Петро тронул со двора и, как гость, ворота оставил открытыми.
Вез и он подарок могущественному теперь сослуживцу: кроме самогона – отрез довоенного шевиота, сапоги и фунт дорогого чая с цветком. Все это раздобыл он в Лисках, когда 28-й полк с боем взял станцию и рассыпался грабить вагоны и склады…
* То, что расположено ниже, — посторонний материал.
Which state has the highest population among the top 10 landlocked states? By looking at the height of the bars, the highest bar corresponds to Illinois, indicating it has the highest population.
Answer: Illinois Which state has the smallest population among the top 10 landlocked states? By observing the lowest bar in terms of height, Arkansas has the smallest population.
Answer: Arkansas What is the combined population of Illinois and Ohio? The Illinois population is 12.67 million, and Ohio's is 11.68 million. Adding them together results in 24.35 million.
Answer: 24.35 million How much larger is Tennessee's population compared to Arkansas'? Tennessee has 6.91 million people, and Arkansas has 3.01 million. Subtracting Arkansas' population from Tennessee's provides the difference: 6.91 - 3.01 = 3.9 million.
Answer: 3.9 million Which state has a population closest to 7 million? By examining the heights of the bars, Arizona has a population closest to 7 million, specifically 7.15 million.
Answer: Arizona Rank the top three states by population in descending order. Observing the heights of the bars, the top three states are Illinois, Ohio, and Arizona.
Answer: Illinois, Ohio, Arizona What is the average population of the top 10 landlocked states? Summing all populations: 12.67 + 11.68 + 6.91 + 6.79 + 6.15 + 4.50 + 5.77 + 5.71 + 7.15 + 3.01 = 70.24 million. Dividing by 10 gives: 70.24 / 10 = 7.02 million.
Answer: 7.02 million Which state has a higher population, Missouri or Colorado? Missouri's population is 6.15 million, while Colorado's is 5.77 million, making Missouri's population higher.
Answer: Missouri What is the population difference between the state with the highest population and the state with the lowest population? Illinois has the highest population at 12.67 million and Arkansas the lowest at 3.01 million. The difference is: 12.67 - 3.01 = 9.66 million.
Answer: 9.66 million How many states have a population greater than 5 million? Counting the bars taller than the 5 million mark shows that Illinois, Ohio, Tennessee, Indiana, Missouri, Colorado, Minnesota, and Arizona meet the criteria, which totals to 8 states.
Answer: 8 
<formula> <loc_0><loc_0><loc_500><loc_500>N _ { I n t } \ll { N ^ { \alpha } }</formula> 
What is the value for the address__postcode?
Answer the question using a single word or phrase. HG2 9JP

Тогда же в отбитом поезде захватил он корзину с дамским бельем. Послал ее с отцом, приезжавшим на фронт. И Дарья, на великую зависть Наталье и Дуняшке, защеголяла в невиданном досель белье. Тончайшее заграничное полотно было белее снега, шелком на каждой штучке были вышиты герб и инициалы. Кружева на панталонах вздымались пышнее пены на Дону. Дарья в первую ночь по приезде мужа легла спать в панталонах.
Петро, перед тем как гасить огонь, снисходительно ухмыльнулся:
– Мущинские исподники подцепила и носишь?
– В них теплее и красивше, – мечтательно ответила Дарья. – Да их и не поймешь: кабы они мущинские – были б длиннее. И кружева… На что они вашему брату?